Pretrained language models have shown promise in analysing nucleotide sequences, yet a versatile model excelling across diverse tasks with a single pretrained weight set remains elusive. Here we introduce RNAErnie, an RNA-focused pretrained model built upon the transformer architecture, employing two simple yet effective strategies. First, RNAErnie enhances pretraining by incorporating RNA motifs as biological priors and introducing motif-level random masking in addition to masked language modelling at base/subsequence levels. It also tokenizes RNA types (for example, miRNA, lnRNA) as stop words, appending them to sequences during pretraining. Second, subject to out-of-distribution tasks with RNA sequences not seen during the pretraining phase, RNAErnie proposes a type-guided fine-tuning strategy that first predicts possible RNA types using an RNA sequence and then appends the predicted type to the tail of sequence to refine feature embedding in a post hoc way. Our extensive evaluation across seven datasets and five tasks demonstrates the superiority of RNAErnie in both supervised and unsupervised learning. It surpasses baselines with up to 1.8% higher accuracy in classification, 2.2% greater accuracy in interaction prediction and 3.3% improved F1 score in structure prediction, showcasing its robustness and adaptability with a unified pretrained foundation. Despite the existence of various pretrained language models for nucleotide sequence analysis, achieving good performance on a broad range of downstream tasks using a single model is challenging. Wang and colleagues develop a pretrained language model specifically optimized for RNA sequence analysis and show that it can outperform state-of-the-art methods in a diverse set of downstream tasks.

求助全文

通过发布文献求助，成功后即可免费获取论文全文。去求助

来源期刊

Nature Machine Intelligence Multiple-

CiteScore

36.90

自引率

2.10%

发文量

127

期刊介绍： Nature Machine Intelligence is a distinguished publication that presents original research and reviews on various topics in machine learning, robotics, and AI. Our focus extends beyond these fields, exploring their profound impact on other scientific disciplines, as well as societal and industrial aspects.
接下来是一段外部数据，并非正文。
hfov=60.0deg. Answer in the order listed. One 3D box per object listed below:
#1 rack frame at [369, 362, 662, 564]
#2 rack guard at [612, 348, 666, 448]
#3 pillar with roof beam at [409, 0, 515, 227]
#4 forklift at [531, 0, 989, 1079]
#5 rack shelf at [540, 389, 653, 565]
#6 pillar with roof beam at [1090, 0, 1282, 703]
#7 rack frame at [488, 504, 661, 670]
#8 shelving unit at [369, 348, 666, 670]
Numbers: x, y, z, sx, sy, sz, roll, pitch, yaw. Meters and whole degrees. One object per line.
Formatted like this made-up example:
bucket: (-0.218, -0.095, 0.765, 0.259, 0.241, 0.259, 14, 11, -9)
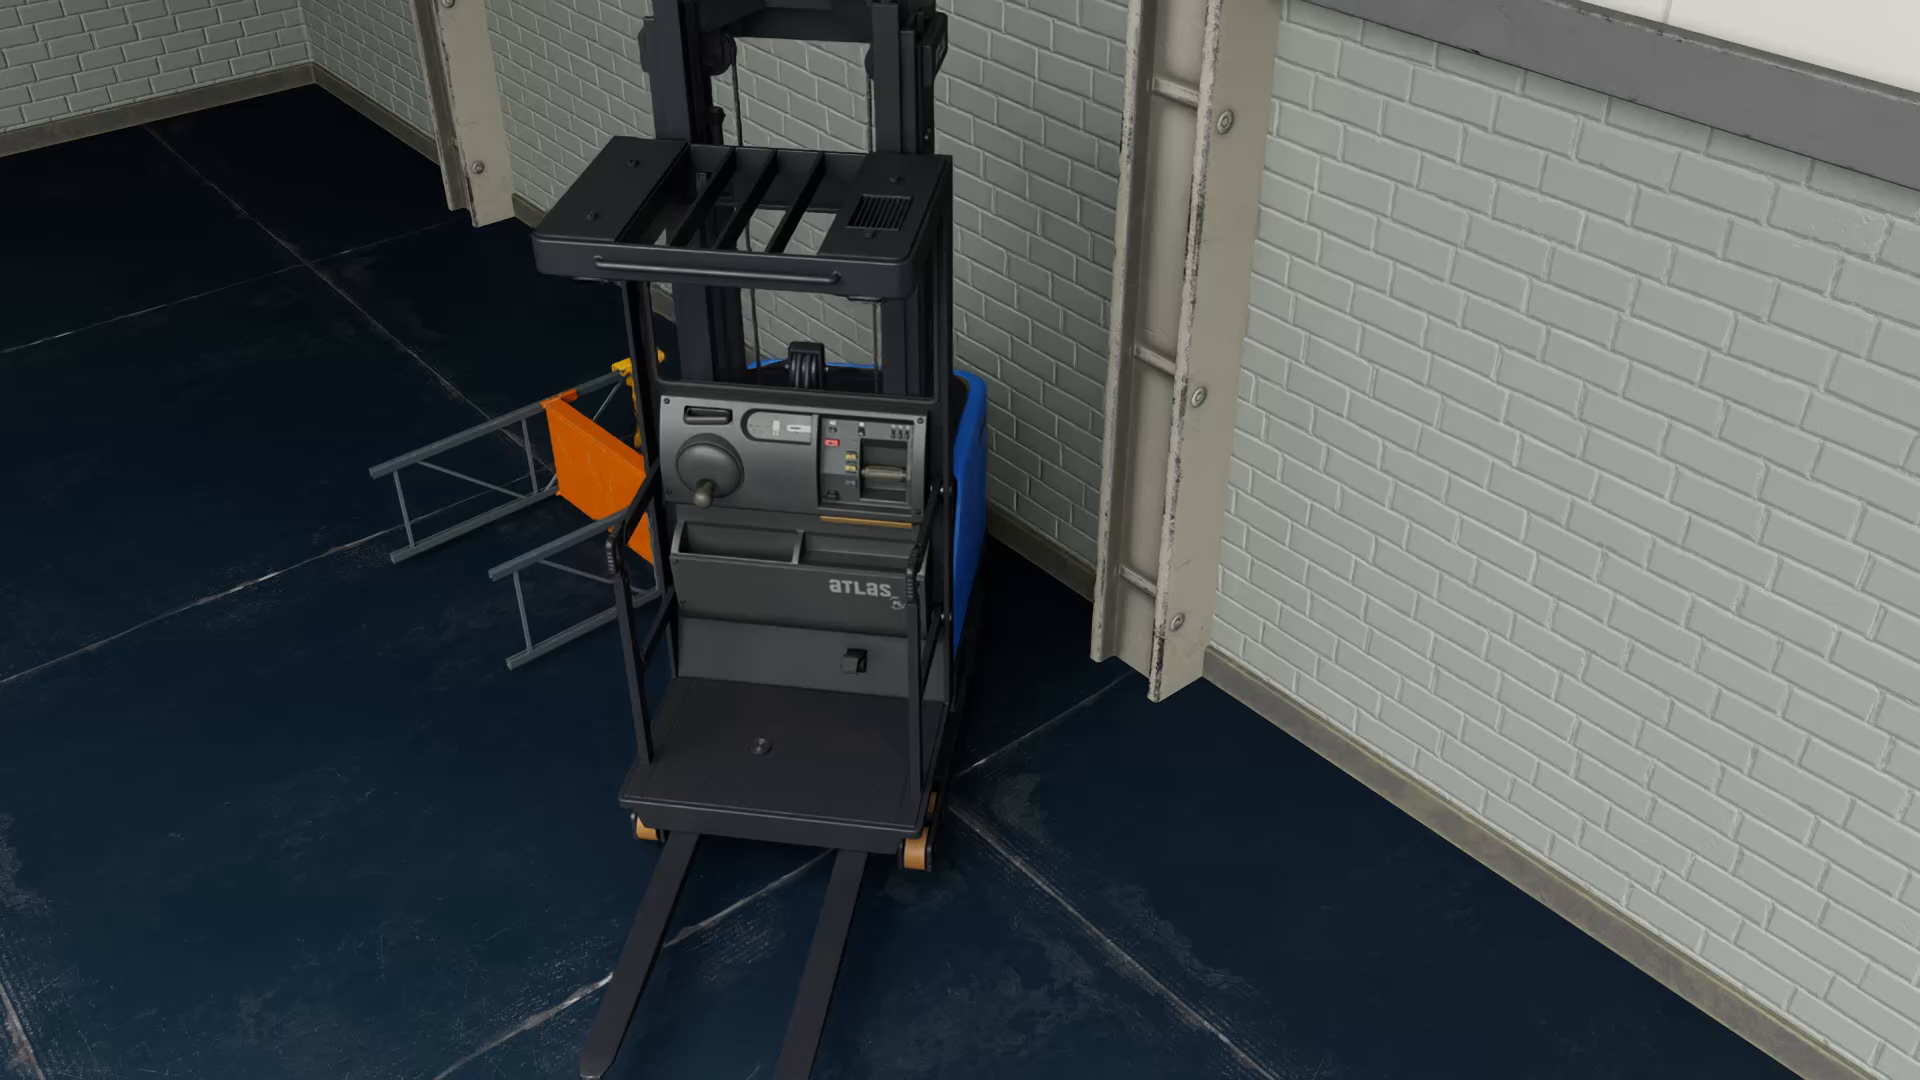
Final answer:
rack frame: (-2.010, -0.396, 7.779, 1.500, 0.500, 0.032, -28, 44, -34)
rack guard: (-1.538, -0.634, 8.114, 0.250, 0.587, 0.087, -28, 44, -34)
pillar with roof beam: (-6.368, -4.192, 5.883, 9.100, 9.000, 0.400, -26, 43, -32)
forklift: (-0.603, -0.218, 5.522, 1.130, 2.935, 3.031, 5, 36, 7)
rack shelf: (-1.532, -0.251, 7.574, 0.185, 0.538, 1.000, -28, 44, -34)
pillar with roof beam: (-2.496, -1.543, 2.143, 9.100, 9.000, 0.400, -26, 43, -32)
rack frame: (-1.319, 0.035, 7.170, 1.500, 0.500, 0.032, -28, 44, -34)
shelving unit: (-1.658, -0.177, 7.469, 1.500, 0.587, 1.083, -28, 44, -34)

We recognize limitless possibilities wherein machine intelligence can augment human capabilities and knowledge in domains like scientific exploration, healthcare, medical diagnostics, and the creation of safe and sustainable cities, transportation, and agriculture. Simultaneously, we acknowledge the emergence of ethical, social, and legal concerns due to the rapid pace of advancements. To foster interdisciplinary discussions on these far-reaching implications, Nature Machine Intelligence serves as a platform for dialogue facilitated through Comments, News Features, News & Views articles, and Correspondence. Our goal is to encourage a comprehensive examination of these subjects. Similar to all Nature-branded journals, Nature Machine Intelligence operates under the guidance of a team of skilled editors. We adhere to a fair and rigorous peer-review process, ensuring high standards of copy-editing and production, swift publication, and editorial independence.